O mercado mostrou-se ineficiente, imperfeito e irracional. Para evitar colapso financeiro, o governo dos EUA injectou neles 700 mil milhões de dólares.
O desemprego continuou a subir. Isso foi visto pelo cidadão como a privatização dos ganhos e socialização das perdas.
Com o sector bancário recuperado, os banqueiros continuaram com práticas de auto-serviço e compensação excessiva. Os senhores de Wall Street esqueceram a missão da banca, que é fornecer suporte à economia.
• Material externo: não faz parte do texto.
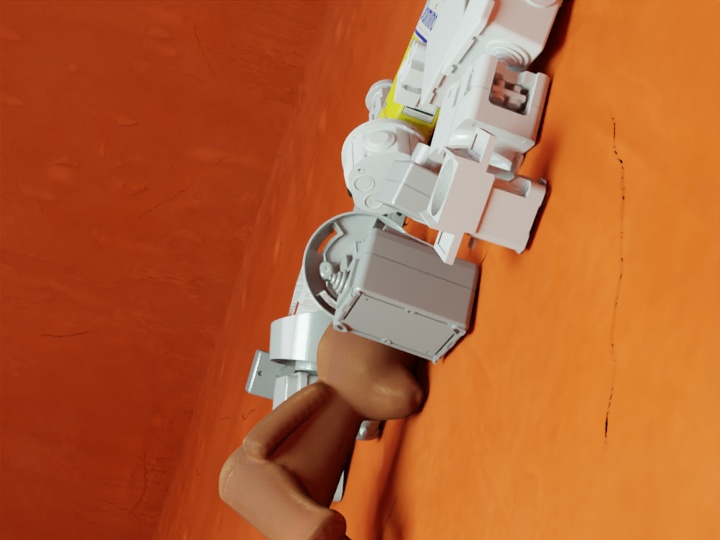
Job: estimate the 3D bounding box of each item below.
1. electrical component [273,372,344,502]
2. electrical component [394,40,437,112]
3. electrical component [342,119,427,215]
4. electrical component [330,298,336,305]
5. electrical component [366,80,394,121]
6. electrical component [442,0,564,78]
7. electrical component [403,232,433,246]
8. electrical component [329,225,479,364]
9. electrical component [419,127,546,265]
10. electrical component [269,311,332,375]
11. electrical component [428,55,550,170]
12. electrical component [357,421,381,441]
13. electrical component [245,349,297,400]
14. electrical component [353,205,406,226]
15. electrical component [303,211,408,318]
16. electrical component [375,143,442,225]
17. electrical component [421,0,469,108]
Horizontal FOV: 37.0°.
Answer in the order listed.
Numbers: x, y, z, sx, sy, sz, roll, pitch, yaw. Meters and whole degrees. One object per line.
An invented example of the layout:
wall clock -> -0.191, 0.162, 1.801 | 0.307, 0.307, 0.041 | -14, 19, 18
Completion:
electrical component -> -0.048, 0.151, 0.977 | 0.078, 0.057, 0.113 | 148, 127, -75
electrical component -> 0.065, -0.165, 0.938 | 0.066, 0.055, 0.048 | 120, 163, -53
electrical component -> 0.024, -0.093, 0.978 | 0.051, 0.080, 0.080 | -93, 21, -47
electrical component -> -0.001, 0.008, 1.051 | 0.062, 0.048, 0.048 | -54, 21, 44
electrical component -> 0.031, -0.173, 1.165 | 0.066, 0.048, 0.055 | 117, 158, -45
electrical component -> 0.104, -0.177, 0.738 | 0.099, 0.048, 0.099 | 134, 159, -73
electrical component -> 0.035, 0.004, 0.859 | 0.055, 0.048, 0.066 | -67, 9, -6
electrical component -> 0.026, 0.013, 0.741 | 0.061, 0.096, 0.061 | 123, 164, -58
electrical component -> 0.076, -0.042, 0.656 | 0.042, 0.064, 0.081 | -106, 35, -75
electrical component -> -0.035, 0.065, 0.998 | 0.099, 0.099, 0.064 | 146, 133, -74
electrical component -> 0.085, -0.098, 0.732 | 0.089, 0.050, 0.055 | 141, 146, -72
electrical component -> 0.003, 0.104, 0.875 | 0.062, 0.048, 0.048 | -64, 11, 10
electrical component -> -0.073, 0.119, 1.144 | 0.076, 0.083, 0.047 | 171, 115, -79
electrical component -> 0.017, -0.050, 1.048 | 0.064, 0.042, 0.081 | -142, 69, -78
electrical component -> 0.000, 0.000, 0.911 | 0.064, 0.099, 0.099 | 134, 152, -82
electrical component -> 0.055, -0.079, 0.876 | 0.075, 0.047, 0.083 | -63, 10, 2
electrical component -> 0.089, -0.181, 0.854 | 0.099, 0.048, 0.099 | 118, 165, -49

O movimento pode não ter qualquer agenda para os jornais e televisoes, mas tem um objectivo: a Justiça económica.
OWS denuncia a injustiça e a corrupção da política pela finança, lobby e contribuinte das campanhas políticas, que paralisa o governo para o bem comum.

A amizade e o respeito demonstrado pelas pessoas em reuniões OWS mostram outra faceta do ser humano: temos uma sede de relacionamento profundo e autêntico.
Em protesto contra a expulsão de manifestantes pela polícia, os clérigos da Catedral de São Paulo, em Londres, demitiram-se.

O Arcebispo de Cantuária pediu um imposto sobre transacções financeiras, como tinha feito o Conselho Pontifício de Justiça e Paz, e condenou a excessiva remuneração dos executivos.

Talvez agora, incentivado pela voz pública, o governo possa enfrentar os interesses das empresas, e os cidadãos possam restaurar a justiça económica. Ou seja, um governo melhor e um mundo mais equitativo e sustentável.

O mundo — em especial a Europa — precisa de uma Economia com face humana, porque a Economia focada na eficiência e na maximização do rendimento, foi um fracasso e não legitimidade moral nem capacidade para vir impor as soluções para uma crise que ela causou.